**TASK DESCRIPTION:** The listing below holds a line with "Numbers: x, y, z, sx, sy, sz, roll, pitch, yaw." and a line with "euler=(-15, 78, 1))". Reproduce those two lines exactly, plus everything between them.
::: DATASET RECORDS
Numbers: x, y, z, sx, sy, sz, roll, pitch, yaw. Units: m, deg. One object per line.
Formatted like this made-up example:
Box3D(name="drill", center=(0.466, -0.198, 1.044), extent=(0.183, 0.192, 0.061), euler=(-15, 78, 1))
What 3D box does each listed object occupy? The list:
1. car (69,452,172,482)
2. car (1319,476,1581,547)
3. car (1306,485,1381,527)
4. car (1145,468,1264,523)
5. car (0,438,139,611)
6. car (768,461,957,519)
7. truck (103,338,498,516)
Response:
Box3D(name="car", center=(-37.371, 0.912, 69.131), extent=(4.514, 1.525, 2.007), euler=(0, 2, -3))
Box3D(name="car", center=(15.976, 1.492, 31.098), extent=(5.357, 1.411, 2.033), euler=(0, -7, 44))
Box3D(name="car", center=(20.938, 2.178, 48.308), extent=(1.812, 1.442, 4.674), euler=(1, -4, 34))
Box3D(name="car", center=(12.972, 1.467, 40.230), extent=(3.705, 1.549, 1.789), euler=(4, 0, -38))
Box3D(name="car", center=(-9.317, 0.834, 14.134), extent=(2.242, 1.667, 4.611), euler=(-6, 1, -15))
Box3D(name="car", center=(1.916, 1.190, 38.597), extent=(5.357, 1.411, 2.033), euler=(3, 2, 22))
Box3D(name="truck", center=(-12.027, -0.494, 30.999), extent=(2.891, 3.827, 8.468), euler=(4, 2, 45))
::::::
::: DATASET RECORDS
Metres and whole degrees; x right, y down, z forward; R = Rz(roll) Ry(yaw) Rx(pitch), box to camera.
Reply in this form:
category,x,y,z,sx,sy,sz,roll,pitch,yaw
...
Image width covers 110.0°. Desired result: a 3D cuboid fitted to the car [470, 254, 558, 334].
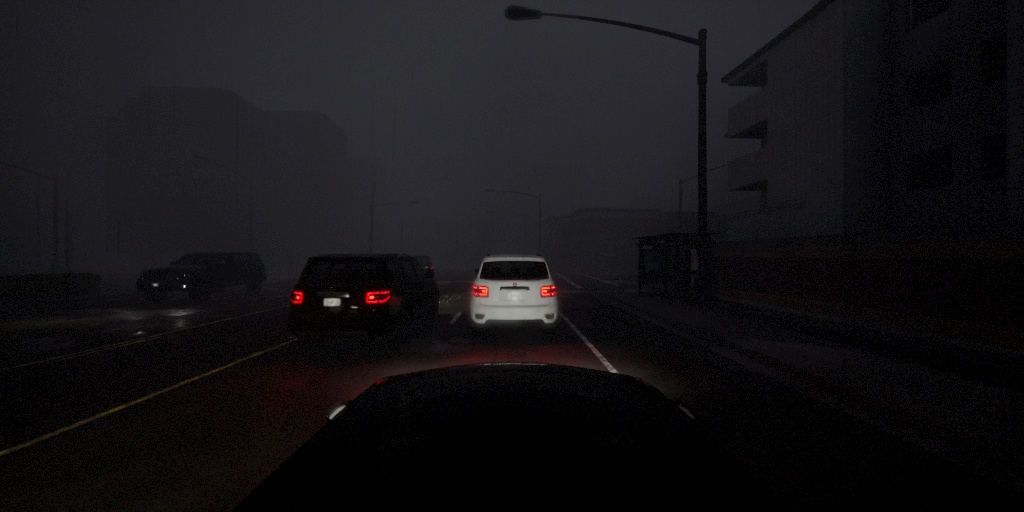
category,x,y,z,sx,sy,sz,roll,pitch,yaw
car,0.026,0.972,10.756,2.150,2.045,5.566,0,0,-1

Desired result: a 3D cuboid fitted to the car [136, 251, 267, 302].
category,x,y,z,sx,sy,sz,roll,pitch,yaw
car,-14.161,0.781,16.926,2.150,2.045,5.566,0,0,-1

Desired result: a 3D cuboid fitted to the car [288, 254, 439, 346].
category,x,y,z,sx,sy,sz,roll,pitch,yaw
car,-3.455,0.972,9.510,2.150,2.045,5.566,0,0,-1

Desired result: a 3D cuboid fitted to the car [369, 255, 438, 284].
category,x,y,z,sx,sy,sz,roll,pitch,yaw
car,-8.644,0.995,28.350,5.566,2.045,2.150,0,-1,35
::::::
::: DATASET RECORDS
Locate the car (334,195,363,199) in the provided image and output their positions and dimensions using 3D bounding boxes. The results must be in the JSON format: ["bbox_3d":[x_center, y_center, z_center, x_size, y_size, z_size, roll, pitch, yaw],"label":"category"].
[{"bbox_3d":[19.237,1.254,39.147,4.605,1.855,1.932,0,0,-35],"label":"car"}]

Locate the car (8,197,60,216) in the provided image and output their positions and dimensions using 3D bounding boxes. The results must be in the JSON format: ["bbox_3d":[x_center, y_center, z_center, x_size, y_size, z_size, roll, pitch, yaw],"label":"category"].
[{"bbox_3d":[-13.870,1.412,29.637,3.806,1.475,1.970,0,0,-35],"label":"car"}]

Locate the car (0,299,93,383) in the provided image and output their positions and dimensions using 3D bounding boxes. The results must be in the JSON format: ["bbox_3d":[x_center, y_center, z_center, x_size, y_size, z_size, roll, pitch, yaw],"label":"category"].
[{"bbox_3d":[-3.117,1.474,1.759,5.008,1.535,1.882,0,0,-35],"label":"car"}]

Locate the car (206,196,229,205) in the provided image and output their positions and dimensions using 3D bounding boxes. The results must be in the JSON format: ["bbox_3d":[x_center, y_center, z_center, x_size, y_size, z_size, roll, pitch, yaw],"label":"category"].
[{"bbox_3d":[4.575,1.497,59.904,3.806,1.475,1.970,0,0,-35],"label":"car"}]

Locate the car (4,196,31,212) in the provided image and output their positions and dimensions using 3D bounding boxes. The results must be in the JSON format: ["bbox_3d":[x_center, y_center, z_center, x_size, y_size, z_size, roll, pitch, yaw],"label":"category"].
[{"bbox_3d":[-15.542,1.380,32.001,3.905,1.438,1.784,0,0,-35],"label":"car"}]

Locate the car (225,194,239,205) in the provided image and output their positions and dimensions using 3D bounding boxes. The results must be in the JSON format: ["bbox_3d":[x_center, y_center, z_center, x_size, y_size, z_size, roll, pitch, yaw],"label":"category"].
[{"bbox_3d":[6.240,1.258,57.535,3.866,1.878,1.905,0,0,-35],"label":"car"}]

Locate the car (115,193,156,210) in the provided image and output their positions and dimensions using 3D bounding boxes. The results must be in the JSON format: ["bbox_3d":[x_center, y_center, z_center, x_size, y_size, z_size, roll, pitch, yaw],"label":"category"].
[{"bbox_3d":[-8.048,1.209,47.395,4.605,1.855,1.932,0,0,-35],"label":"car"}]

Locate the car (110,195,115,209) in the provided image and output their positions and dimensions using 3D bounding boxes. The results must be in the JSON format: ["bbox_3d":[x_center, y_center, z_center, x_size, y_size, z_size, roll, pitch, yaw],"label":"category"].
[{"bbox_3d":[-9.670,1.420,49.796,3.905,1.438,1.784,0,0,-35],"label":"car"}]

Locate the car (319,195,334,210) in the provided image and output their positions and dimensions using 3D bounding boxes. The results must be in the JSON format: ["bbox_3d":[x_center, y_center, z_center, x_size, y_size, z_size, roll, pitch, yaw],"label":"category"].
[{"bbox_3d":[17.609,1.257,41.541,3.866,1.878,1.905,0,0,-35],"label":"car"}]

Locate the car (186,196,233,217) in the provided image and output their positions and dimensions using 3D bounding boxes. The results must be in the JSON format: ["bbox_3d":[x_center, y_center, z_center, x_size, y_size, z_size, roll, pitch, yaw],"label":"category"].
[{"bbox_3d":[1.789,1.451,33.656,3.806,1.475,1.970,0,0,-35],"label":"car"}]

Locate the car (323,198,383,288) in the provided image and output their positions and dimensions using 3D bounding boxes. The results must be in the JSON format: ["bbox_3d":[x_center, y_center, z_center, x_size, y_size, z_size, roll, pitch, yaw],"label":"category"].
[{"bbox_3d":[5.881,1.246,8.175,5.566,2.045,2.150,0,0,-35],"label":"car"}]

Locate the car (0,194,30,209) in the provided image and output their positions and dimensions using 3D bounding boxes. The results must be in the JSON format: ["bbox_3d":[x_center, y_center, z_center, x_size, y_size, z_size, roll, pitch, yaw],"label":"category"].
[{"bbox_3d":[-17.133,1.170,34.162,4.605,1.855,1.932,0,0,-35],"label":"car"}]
::::::
**SOLVED PROBLEM:**
Numbers: x, y, z, sx, sy, sz, roll, pitch, yaw. Units: m, deg. One object per line.
Formatted like this made-up example:
Box3D(name="drill", center=(0.466, -0.198, 1.044), extent=(0.183, 0.192, 0.061), euler=(-15, 78, 1))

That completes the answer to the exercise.